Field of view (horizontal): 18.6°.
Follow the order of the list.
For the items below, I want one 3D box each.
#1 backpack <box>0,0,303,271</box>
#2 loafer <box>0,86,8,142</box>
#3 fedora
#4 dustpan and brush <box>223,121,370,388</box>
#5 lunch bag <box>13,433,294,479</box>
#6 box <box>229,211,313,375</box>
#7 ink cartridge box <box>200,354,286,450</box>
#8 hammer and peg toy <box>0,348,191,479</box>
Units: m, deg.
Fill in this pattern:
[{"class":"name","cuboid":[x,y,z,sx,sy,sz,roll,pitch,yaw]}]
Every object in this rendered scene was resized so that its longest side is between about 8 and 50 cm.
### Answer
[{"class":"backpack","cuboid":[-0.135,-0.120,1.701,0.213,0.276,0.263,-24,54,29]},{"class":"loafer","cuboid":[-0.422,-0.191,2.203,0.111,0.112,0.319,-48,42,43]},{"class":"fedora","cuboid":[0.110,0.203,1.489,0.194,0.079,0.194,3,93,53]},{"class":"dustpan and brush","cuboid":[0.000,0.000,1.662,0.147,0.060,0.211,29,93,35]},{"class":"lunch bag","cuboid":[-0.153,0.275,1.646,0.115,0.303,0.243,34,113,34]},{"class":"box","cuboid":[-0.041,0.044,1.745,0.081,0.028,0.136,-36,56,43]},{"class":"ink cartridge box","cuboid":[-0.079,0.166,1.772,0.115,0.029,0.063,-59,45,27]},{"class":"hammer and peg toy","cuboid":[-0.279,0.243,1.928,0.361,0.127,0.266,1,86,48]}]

★ ★ ★ ★

Activity:
Retype exactly the lines from the start of the entries through the one with "#4 dustpan and"; include both ends.

Reply:
Field of view (horizontal): 18.6°.
Follow the order of the list.
For the items below, I want one 3D box each.
#1 backpack <box>0,0,303,271</box>
#2 loafer <box>0,86,8,142</box>
#3 fedora
#4 dustpan and brush <box>223,121,370,388</box>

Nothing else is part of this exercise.